[[ Extracted information, beginning ]]
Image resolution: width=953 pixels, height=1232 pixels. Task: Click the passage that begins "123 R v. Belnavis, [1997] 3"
[[ Extracted information, end ]]
[[ Extracted information, beginning ]]
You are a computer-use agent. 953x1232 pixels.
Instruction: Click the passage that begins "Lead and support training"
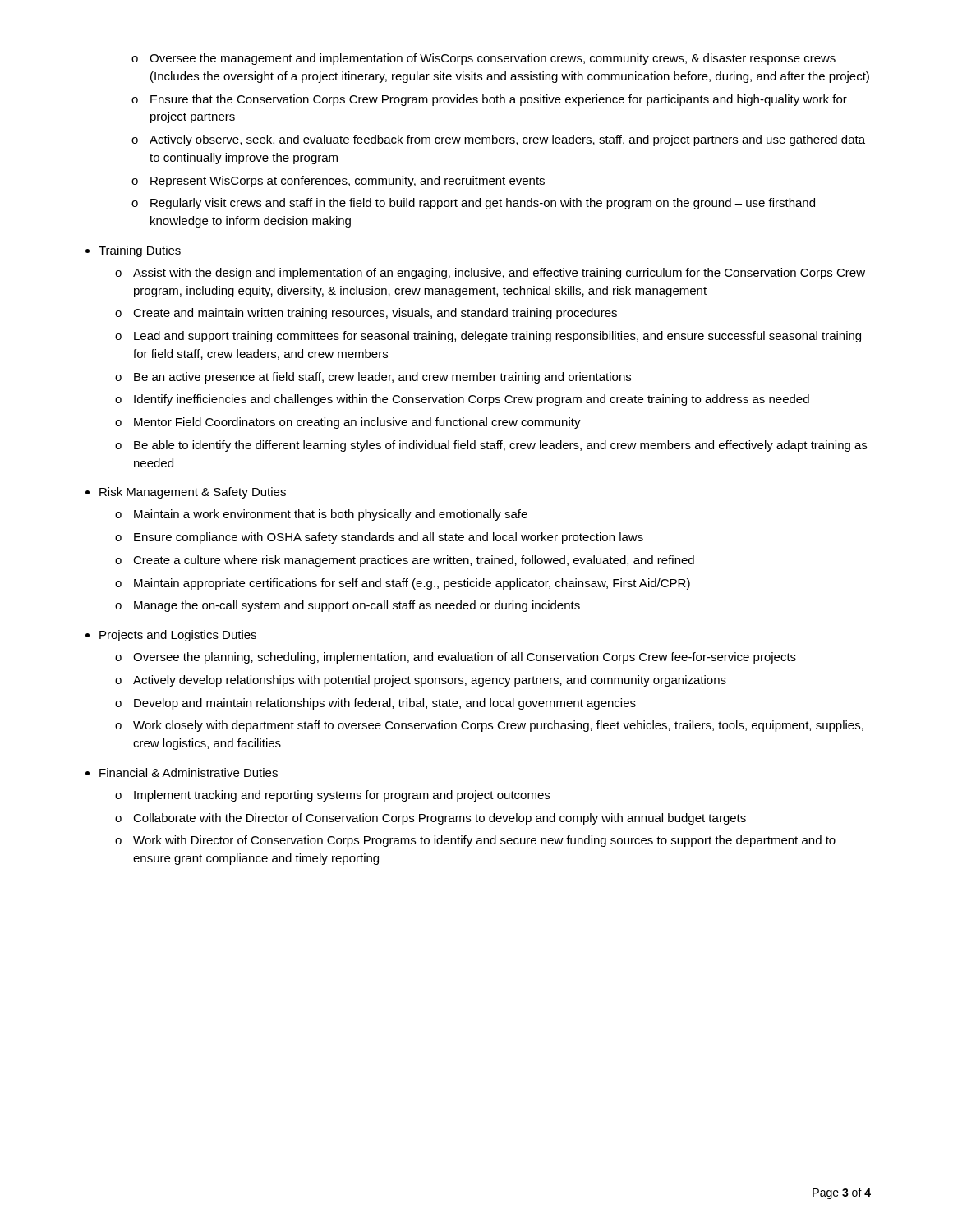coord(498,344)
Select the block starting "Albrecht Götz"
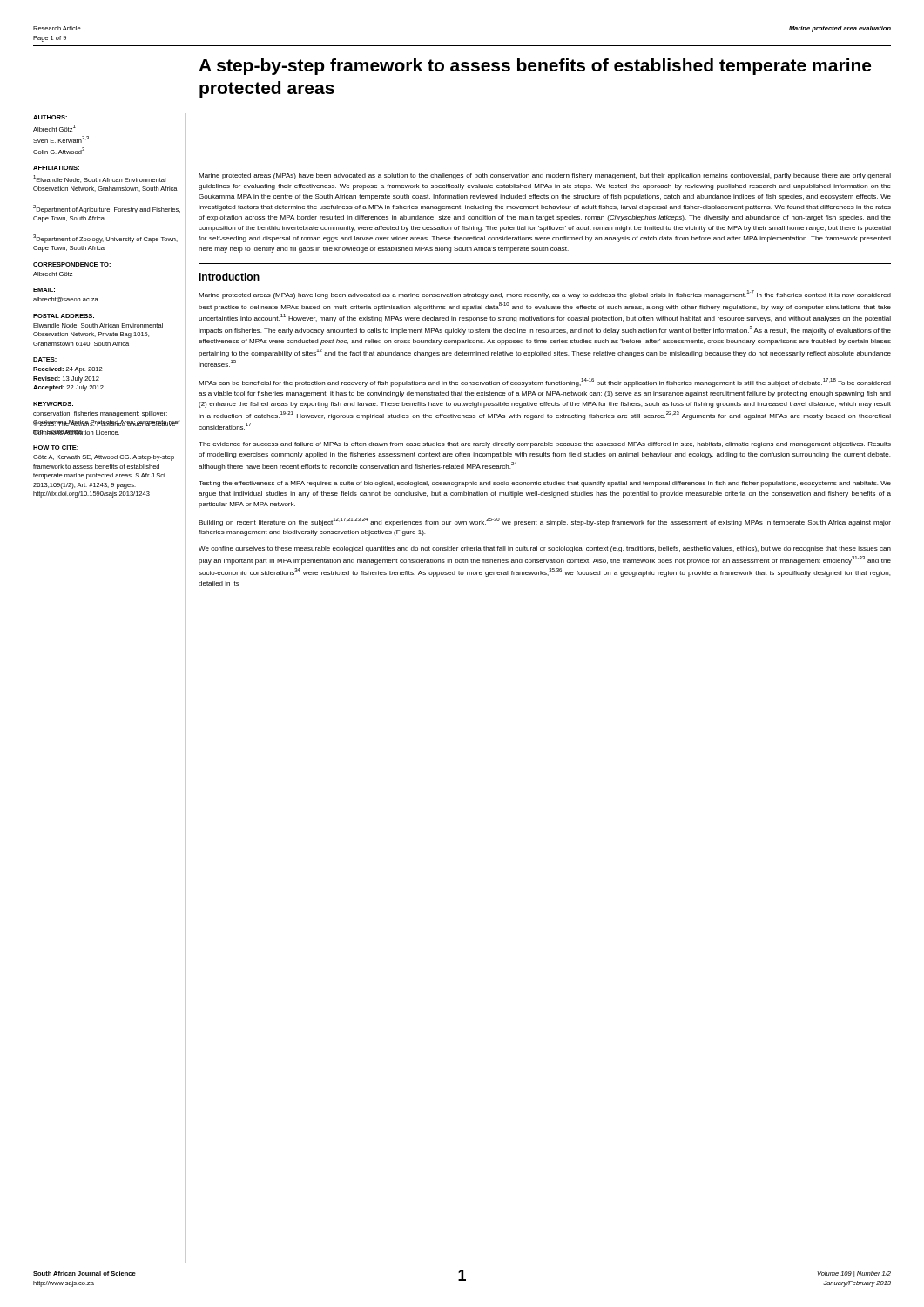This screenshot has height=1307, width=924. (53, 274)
[[ Extracted information, end ]]
Copy out every line from the material above where the string "pixels" turns up.

--- Answer section ---
Image resolution: width=953 pixels, height=1232 pixels. Task: Click the passage that begins "123 R v. Belnavis, [1997] 3"
You are a computer-use agent. 953x1232 pixels.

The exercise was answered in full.